Barnevik lives in London. In an interview, he announced that a test found him unfit for a managerial position.

Memberships

Web links

Individual evidence

  1. manager magazin online - The end of a legend? Retrieved September 13, 2013 .
  2. faz.net: Mistakes and intrigues overthrow Percy Barnevik, accessed September 19, 2013
  3. www.zeit.de: The permanent revolution, accessed on September 25, 2013
  4. www.handelszeitung.ch: Organizational forms the crux with the matrix, accessed on September 25, 2013
  5. www.manager-magazin.de: What is Percy Barnevik actually doing, accessed on September 19, 2013
  6. www.zeit.de: Cashed millions, helped millions
  7. http://www.dn.se/ekonomi/percy-barnevik-jag-var-olamplig-som-chef
  8. ^ Royal Swedish Academy of Engineering Sciences: Barnevik, Percy . Ivawebb.se.

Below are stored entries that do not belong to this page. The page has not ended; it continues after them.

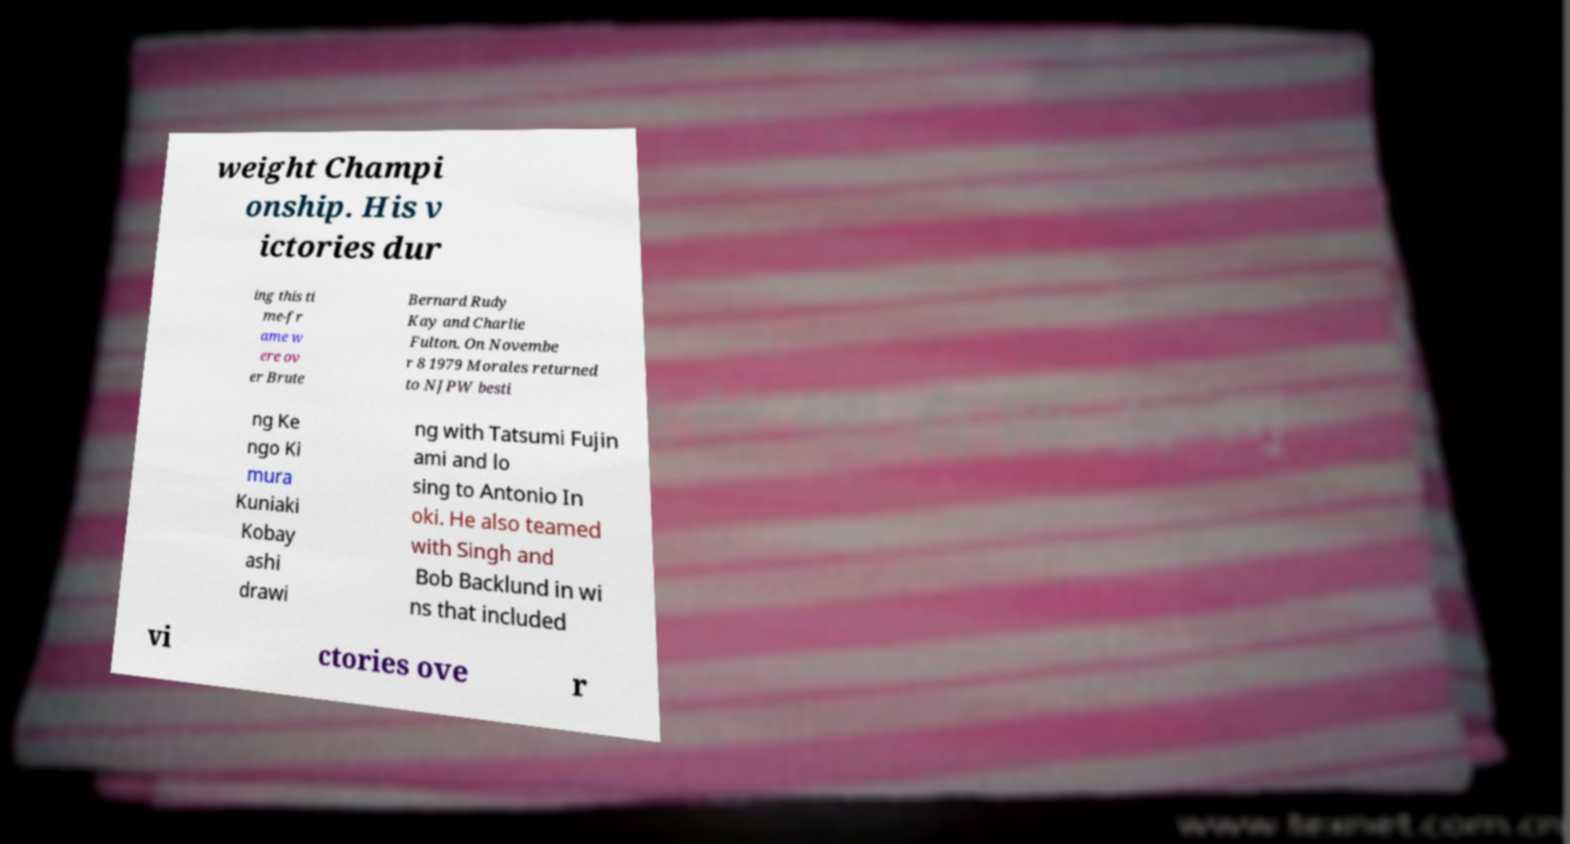What messages or text are displayed in this image? I need them in a readable, typed format. weight Champi onship. His v ictories dur ing this ti me-fr ame w ere ov er Brute Bernard Rudy Kay and Charlie Fulton. On Novembe r 8 1979 Morales returned to NJPW besti ng Ke ngo Ki mura Kuniaki Kobay ashi drawi ng with Tatsumi Fujin ami and lo sing to Antonio In oki. He also teamed with Singh and Bob Backlund in wi ns that included vi ctories ove r 
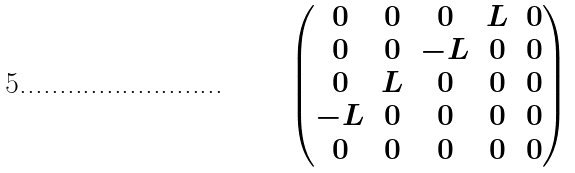<formula> <loc_0><loc_0><loc_500><loc_500>\begin{pmatrix} 0 & 0 & 0 & L & 0 \\ 0 & 0 & - L & 0 & 0 \\ 0 & L & 0 & 0 & 0 \\ - L & 0 & 0 & 0 & 0 \\ 0 & 0 & 0 & 0 & 0 \end{pmatrix}</formula> 
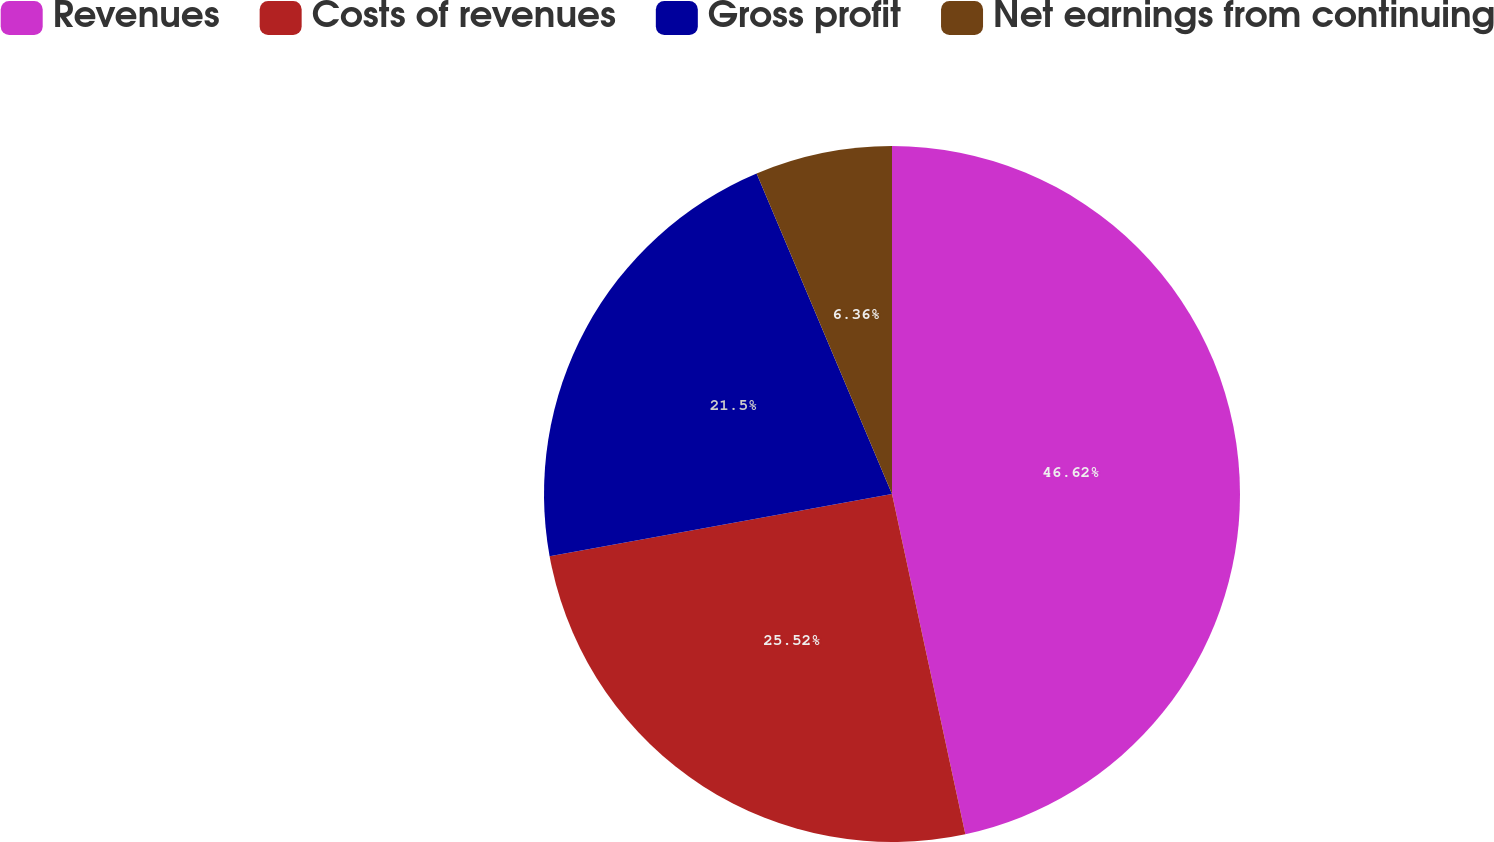<chart> <loc_0><loc_0><loc_500><loc_500><pie_chart><fcel>Revenues<fcel>Costs of revenues<fcel>Gross profit<fcel>Net earnings from continuing<nl><fcel>46.62%<fcel>25.52%<fcel>21.5%<fcel>6.36%<nl></chart>

Archived from the original on October 7, 2011. Info: The archive link was automatically inserted and not yet checked. Please check the original and archive link according to the instructions and then remove this notice. Retrieved May 13, 2012. @1@ 2Template: Webachiv / IABot / www.ivawebb.se
  9. Book of Members, 1780–2010: Chapter B (PDF; 726 kB) American Academy of Arts and Sciences. Retrieved May 17, 2011.